The Triad Business Journal recently published an article on luxury apartments in the Triad, and it contained some good information:
In the Triad area, the average rent price for a two-bedroom apartment falls around $800.
In Winston-Salem, the price is slightly lower, at $777, according to apartment search platform RentCafe. Greensboro’s average rent price for a two-bedroom, is $812, according to RentCafe…
A few apartment complexes that are currently under construction in the Triad include The West End in downtown Winston-Salem. Construction began on the $35 million project in April 2017 and the 229-unit building is set to open in 2019.
A newly-formed investment group in Winston-Salem is finding some happy hunting for apartment communities…in Burlington. From an article in the Triad Business Journal:
Luke Chung and his new Winston-Salem-based VIP Syndicate have purchased the first of what he hopes will be several multifamily communities in the Triad.
Chung started in the city where he hopes to acquire many more properties: Burlington. VIP paid $4.48 million for Clifton Place Apartments at 2575 Eldermont St. to a Burlington LLC managed by Jason DeBoer and Jeffrey Gabriel.
“I’m looking to buy as much as I can in that area,” Chung told Triad Business Journal. “I’m very bullish on the Burlington market. I think there’s potential for a boom there in the near future.”
As the article points out, Burlington is one of the highest growth areas for apartments in the Triad. In fact, according to Real Data’s latest report (Oct, 17) Alamance-Burlington has more units under construction (628) than any other sub-market in the Triad. The next two closest are downtown Greensboro (372) and downtown Winston-Salem (344). With it’s proximity to both the Triad and the western edge of the Triangle market, Alamance-Burlington is uniquely positioned for immediate growth.

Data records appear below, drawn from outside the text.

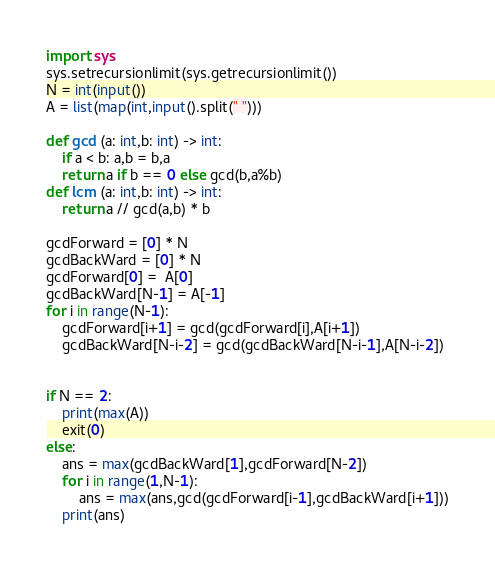<code> <loc_0><loc_0><loc_500><loc_500><_Python_>import sys
sys.setrecursionlimit(sys.getrecursionlimit())
N = int(input())
A = list(map(int,input().split(" ")))

def gcd (a: int,b: int) -> int:
    if a < b: a,b = b,a
    return a if b == 0 else gcd(b,a%b)
def lcm (a: int,b: int) -> int:
    return a // gcd(a,b) * b

gcdForward = [0] * N
gcdBackWard = [0] * N
gcdForward[0] =  A[0]
gcdBackWard[N-1] = A[-1]
for i in range(N-1):
    gcdForward[i+1] = gcd(gcdForward[i],A[i+1])
    gcdBackWard[N-i-2] = gcd(gcdBackWard[N-i-1],A[N-i-2])


if N == 2:
    print(max(A))
    exit(0)
else:
    ans = max(gcdBackWard[1],gcdForward[N-2])
    for i in range(1,N-1):
        ans = max(ans,gcd(gcdForward[i-1],gcdBackWard[i+1]))
    print(ans)</code>

Blackfin Real Estate Investors of Arlington, Va., and Capital Solutions of Blue Bell, Pa., have purchased one of the Triad’s largest apartment complexes.
Westborough Apartments, a 502-unit, Class B community with entrances off West Friendly Avenue and Guilford College Road in west Greensboro, was sold for $28.1 million by MCAP Westborough LP of New York City.

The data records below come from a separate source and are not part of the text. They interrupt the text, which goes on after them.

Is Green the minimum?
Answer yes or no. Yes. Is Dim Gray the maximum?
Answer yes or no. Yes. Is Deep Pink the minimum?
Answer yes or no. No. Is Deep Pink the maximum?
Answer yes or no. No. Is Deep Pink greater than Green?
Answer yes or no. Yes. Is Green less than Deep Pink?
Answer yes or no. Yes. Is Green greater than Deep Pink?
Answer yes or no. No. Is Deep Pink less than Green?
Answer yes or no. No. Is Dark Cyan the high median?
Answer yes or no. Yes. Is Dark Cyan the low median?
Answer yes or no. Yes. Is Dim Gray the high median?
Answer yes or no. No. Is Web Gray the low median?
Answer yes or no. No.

In the article the new buyers mentioned that they like what they see in the Triad market:
Andrew Buchanan, a Blackfin managing partner said, “We are excited to expand our portfolio to Greensboro and to improve our economies of scale in the region. The Triad continues to see steady job growth we really like the overall risk/return profile of this market relative to what we are seeing in other East Coast markets.”

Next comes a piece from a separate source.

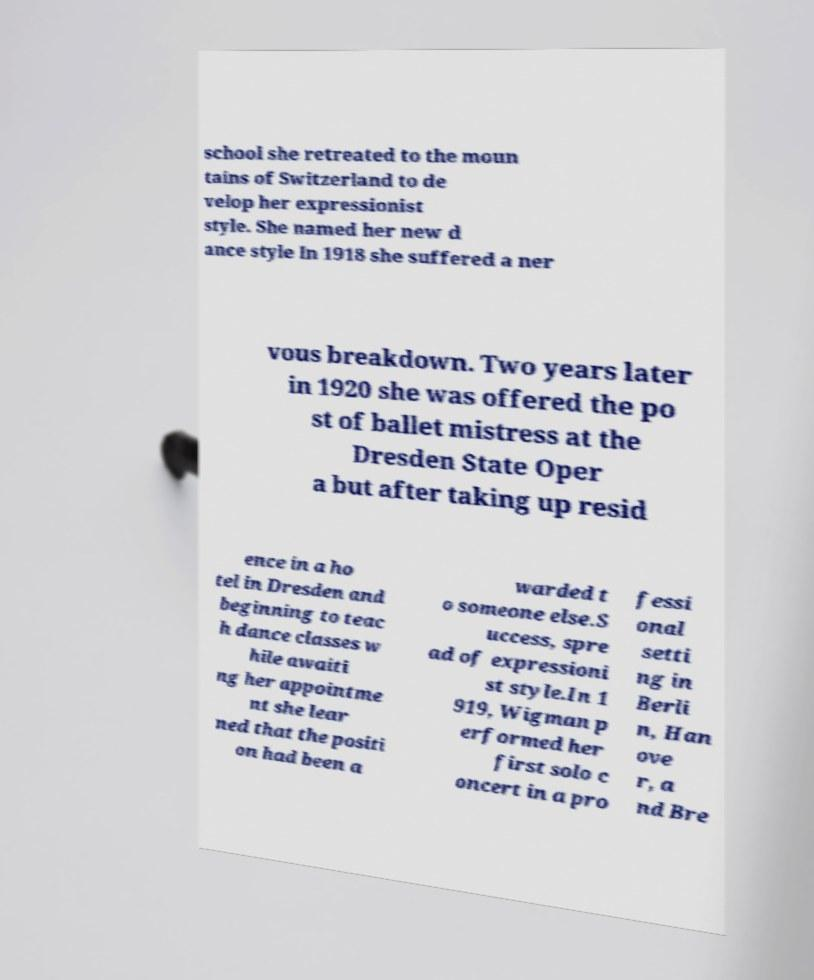Please identify and transcribe the text found in this image. school she retreated to the moun tains of Switzerland to de velop her expressionist style. She named her new d ance style In 1918 she suffered a ner vous breakdown. Two years later in 1920 she was offered the po st of ballet mistress at the Dresden State Oper a but after taking up resid ence in a ho tel in Dresden and beginning to teac h dance classes w hile awaiti ng her appointme nt she lear ned that the positi on had been a warded t o someone else.S uccess, spre ad of expressioni st style.In 1 919, Wigman p erformed her first solo c oncert in a pro fessi onal setti ng in Berli n, Han ove r, a nd Bre

Blackfin and Capital Solutions are just the latest of a wave of new investors and management companies from outside the Triad who have entered the market over the last couple of years. These include companies like Greystar, Kettler, Peak, Wilkinson, Matrix, and Pinnacle.
The National Apartment Association (NAA) and National Multifamily Housing Council (NMHC) recently commissioned a study by Hoyt Advisory Services on the housing market in the Piedmont Triad and concluded that almost 19,000 new apartment units will need to be constructed by 2030 in order to meet the region’s housing needs. The study also found that this new construction will require all types of apartments at all price points.
The study found that the Piedmont Triad currently has an estimated 101,020 apartments with residents of all ages and income levels. Of those units, 66% were built before the year 2000, which is a key factor in addressing housing affordability; as new housing units are built they free up older housing stock for workforce housing.
While multiple factors contribute to the need for new apartments, including shifting lifestyle preferences, such as delayed homebuying, as well as the aging American population, a critical component to increased demand for all housing in the Triad is an influx of 25,000 new residents from other parts of the country.